Liverpool and Macarthur Cancer Therapy Centers, Liverpool, NSW, Australia; South Western Sydney Clinical School, University of New South Wales, Sydney, NSW, Australia.

出版信息

Phys Med. 2019 Mar;59:37-46. doi: 10.1016/j.ejmp.2019.02.007. Epub 2019 Feb 26.

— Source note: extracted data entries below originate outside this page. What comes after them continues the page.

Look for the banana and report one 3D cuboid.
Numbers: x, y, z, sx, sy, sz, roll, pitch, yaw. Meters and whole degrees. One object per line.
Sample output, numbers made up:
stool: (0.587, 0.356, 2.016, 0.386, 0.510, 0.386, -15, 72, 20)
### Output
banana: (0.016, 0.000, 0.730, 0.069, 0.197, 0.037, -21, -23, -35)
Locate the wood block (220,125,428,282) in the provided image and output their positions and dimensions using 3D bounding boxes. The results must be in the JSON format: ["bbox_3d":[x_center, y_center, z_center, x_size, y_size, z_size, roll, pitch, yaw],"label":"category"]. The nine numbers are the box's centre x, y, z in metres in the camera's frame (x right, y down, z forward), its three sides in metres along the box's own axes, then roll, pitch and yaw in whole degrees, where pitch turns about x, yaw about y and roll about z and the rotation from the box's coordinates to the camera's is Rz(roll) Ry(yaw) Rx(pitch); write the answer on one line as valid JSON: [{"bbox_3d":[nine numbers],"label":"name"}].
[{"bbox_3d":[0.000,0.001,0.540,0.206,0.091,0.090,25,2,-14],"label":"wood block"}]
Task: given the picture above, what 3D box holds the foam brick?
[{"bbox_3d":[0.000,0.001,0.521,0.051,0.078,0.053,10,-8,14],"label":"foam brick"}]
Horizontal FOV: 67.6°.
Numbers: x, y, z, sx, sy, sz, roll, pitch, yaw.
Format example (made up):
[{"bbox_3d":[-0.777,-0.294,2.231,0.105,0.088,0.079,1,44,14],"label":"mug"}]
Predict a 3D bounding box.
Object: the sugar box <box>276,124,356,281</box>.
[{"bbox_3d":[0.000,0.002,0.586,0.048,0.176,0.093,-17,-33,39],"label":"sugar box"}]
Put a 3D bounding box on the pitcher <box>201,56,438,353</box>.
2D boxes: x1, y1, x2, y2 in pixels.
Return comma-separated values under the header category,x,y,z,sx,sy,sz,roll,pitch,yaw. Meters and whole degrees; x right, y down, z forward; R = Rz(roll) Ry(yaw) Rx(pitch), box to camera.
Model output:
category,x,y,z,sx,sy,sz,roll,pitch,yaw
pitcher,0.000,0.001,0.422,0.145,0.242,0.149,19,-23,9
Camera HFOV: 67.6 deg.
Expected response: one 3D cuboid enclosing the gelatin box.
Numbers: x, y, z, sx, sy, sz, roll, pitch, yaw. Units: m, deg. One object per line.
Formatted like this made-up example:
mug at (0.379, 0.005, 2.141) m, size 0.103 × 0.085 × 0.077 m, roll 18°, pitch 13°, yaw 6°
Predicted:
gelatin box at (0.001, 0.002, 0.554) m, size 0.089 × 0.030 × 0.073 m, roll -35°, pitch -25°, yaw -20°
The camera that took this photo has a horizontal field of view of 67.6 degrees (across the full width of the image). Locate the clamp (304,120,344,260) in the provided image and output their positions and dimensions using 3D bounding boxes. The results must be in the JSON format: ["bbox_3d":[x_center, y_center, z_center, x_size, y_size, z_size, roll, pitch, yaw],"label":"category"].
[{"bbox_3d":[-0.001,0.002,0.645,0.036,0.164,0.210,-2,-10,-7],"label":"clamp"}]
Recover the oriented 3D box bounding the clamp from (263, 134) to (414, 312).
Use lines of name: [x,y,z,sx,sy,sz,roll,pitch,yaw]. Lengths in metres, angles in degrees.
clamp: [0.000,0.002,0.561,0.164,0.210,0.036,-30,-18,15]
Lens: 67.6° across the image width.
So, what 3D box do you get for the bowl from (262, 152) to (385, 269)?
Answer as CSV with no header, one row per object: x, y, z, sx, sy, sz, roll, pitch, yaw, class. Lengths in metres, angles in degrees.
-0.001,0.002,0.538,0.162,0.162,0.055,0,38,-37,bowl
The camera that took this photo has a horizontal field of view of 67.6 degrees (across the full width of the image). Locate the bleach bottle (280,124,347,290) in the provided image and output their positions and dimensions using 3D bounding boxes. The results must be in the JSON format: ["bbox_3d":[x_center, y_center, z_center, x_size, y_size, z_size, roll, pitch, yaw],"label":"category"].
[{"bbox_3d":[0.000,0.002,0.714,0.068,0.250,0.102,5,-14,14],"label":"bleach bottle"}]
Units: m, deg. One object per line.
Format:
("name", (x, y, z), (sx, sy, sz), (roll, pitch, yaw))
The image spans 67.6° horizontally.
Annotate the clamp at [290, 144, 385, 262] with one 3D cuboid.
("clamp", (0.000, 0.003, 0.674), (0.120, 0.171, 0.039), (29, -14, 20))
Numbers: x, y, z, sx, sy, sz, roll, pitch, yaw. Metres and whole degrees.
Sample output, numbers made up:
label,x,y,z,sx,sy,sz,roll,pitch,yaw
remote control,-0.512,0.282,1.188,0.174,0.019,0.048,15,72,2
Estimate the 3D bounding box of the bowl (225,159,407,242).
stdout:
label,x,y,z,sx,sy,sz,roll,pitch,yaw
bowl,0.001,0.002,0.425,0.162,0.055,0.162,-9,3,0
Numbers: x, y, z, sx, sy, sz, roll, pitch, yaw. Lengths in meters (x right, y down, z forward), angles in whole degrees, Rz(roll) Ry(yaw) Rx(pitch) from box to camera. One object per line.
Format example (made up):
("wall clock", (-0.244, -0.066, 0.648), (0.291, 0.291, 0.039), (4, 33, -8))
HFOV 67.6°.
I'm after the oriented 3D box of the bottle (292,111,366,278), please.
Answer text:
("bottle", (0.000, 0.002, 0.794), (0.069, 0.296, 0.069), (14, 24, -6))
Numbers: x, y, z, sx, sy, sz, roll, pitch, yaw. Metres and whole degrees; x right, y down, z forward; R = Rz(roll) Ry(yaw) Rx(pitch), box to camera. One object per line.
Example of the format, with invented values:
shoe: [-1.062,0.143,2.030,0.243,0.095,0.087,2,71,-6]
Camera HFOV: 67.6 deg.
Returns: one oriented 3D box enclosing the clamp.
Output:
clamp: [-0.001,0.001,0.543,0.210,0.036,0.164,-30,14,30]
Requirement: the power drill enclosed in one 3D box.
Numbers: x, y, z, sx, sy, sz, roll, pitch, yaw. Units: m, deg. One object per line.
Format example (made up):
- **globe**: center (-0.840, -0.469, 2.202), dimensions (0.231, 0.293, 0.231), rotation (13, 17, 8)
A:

DOI:10.1016/j.ejmp.2019.02.007
PMID:30928064
Abstract

PURPOSE

To study the sensitivity of an Electronic Portal Imaging Device (EPID) in detecting delivery errors for VMAT lung stereotactic body radiotherapy (SBRT) using the Collapsed Arc method.

METHODS

Baseline VMAT plans and plans with errors intentionally introduced were generated for 15 lung SBRT patients. Three types of errors were introduced by modifying collimator angles and multi-leaf collimator (MLC) field sizes (MLCFS) and MLC shifts by ±5, ±2, and ±1° or millimeters. A total of 103 plans were measured with EPID on an Elekta Synergy Linear Accelerator (Agility MLC) and compared to both the original treatment planning system (TPS) Collapsed Arc dose matrix and the no-error plan baseline EPID measurements. Gamma analysis was performed using the OmniPro-I'mRT (IBA Dosimetry) software and gamma criteria of 1%/1 mm, 2%/1 mm, 2%/2 mm, and 3%/3.

RESULTS

When the error-introduced EPID measured dose matrices were compared to the TPS matrices, the majority of simulated errors were detected with gamma tolerance of 2%/1 mm and 1%/1 mm. When the error-introduced EPID measured dose matrices were compared to the baseline EPID measurements, all the MLCFS and MLC shift errors, and ±5°collimator errors were detected using 2%/1 mm and 1%/1 mm gamma criteria.

CONCLUSION

This work demonstrates the feasibility and effectiveness of the collapsed arc technique and EPID for pre-treatment verification of lung SBRT VMAT plans. The EPID was able to detect the majority of MLC and the larger collimator errors with sensitivity to errors depending on the gamma tolerances.

摘要

目的

使用 Collapsed Arc 方法研究电子射野影像装置(EPID)检测 VMAT 肺部立体定向体放射治疗(SBRT)剂量投递误差的灵敏度。

方法

为 15 例肺部 SBRT 患者生成了基线 VMAT 计划和有意引入误差的计划。通过修改准直器角度和多叶准直器(MLC)野大小(MLCFS)以及 MLC 偏移±5、±2 和±1°或毫米的方式引入了三种类型的误差。使用 Elekta Synergy 直线加速器(Agility MLC)上的 EPID 对总共 103 个计划进行了测量,并将其与原始治疗计划系统(TPS)的 Collapsed Arc 剂量矩阵以及无误差计划基线 EPID 测量值进行了比较。使用 OmniPro-I'mRT(IBA 剂量学)软件进行伽马分析,并使用伽马标准 1%/1mm、2%/1mm、2%/2mm 和 3%/3mm 进行分析。

结果

当将引入误差的 EPID 测量剂量矩阵与 TPS 矩阵进行比较时,大多数模拟误差都使用 2%/1mm 和 1%/1mm 的伽马容限检测到。当将引入误差的 EPID 测量剂量矩阵与基线 EPID 测量值进行比较时,使用 2%/1mm 和 1%/1mm 的伽马标准可以检测到所有的 MLCFS 和 MLC 偏移误差,以及±5°准直器误差。

结论

这项工作证明了 Collapsed Arc 技术和 EPID 用于肺部 SBRT VMAT 计划的治疗前验证的可行性和有效性。EPID 能够以伽马容限为基础,检测到大多数 MLC 和较大的准直器误差。